The Global City: Chicago, Pilsen and Gentrification

 
Pilsen by Vivián Álvarez.

Interview with John Betancur 

John Betancur started his academic career in Latin America teaching and writing in the fields of philosophy first and urban sociology next. In 1981, he completed a major research project on the conditions, forms of reproduction and struggles of the poor in five low-income communities in Medellin, Colombia (conducted with Albalucía Serna and Patricia Londoño, two professors from a major local university).
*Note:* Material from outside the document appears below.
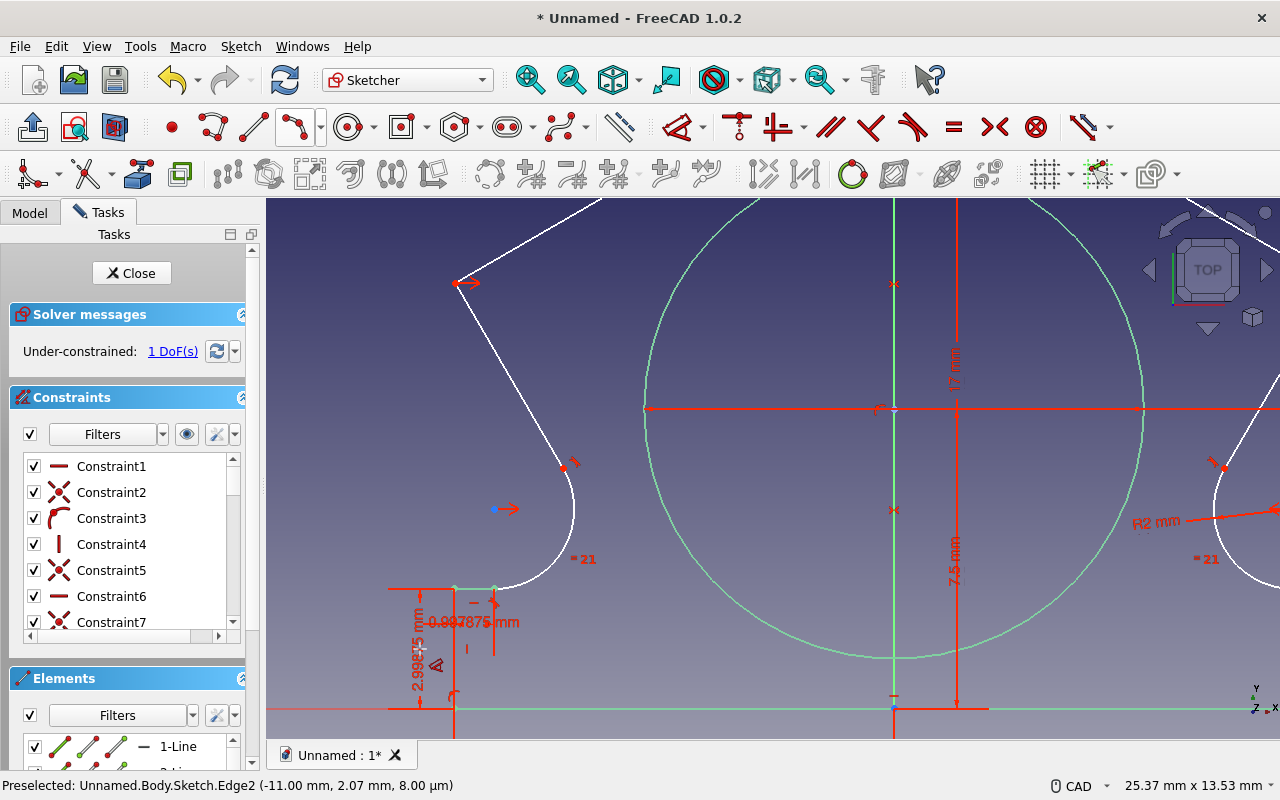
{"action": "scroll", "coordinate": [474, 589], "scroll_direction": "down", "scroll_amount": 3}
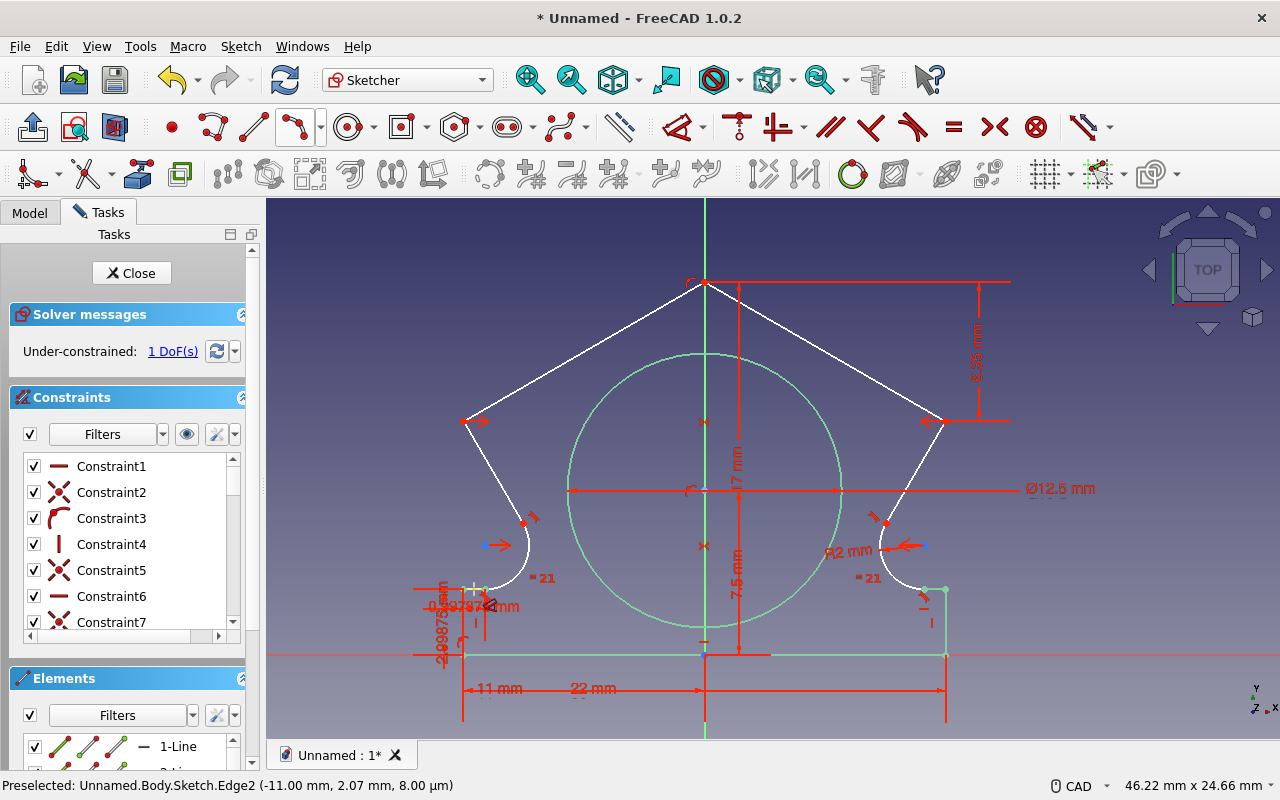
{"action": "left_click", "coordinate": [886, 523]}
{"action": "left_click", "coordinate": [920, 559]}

After immigrating to the U.S. and earning a PhD in Public Policy Analysis, he was part of the team that brought the University of Illinois at Chicago Center for Urban Economic Development to the forefront of engaged scholarship assisting nonprofits and governments in pioneer initiatives at the local level. He continued this work as a faculty member of the Urban Planning and Policy Department at UIC, pioneering with other colleagues the study and development of black-Latino coalitions and publishing on urban restructuring, gentrification and the conditions of blacks and Latinos in U.S. cities.

 

The landscape of Chicago has changed beyond recognition in the past two to three decades.  One of the most obvious changes has been in the neighborhoods, especially those around the Loop and Lakefront. These neighborhoods, such as Pilsen, Lakeview, Bronzeville, have moved from working class neighborhoods to so-called  “yuppy” and “hipster” communities. Can you explain when these changes began and why?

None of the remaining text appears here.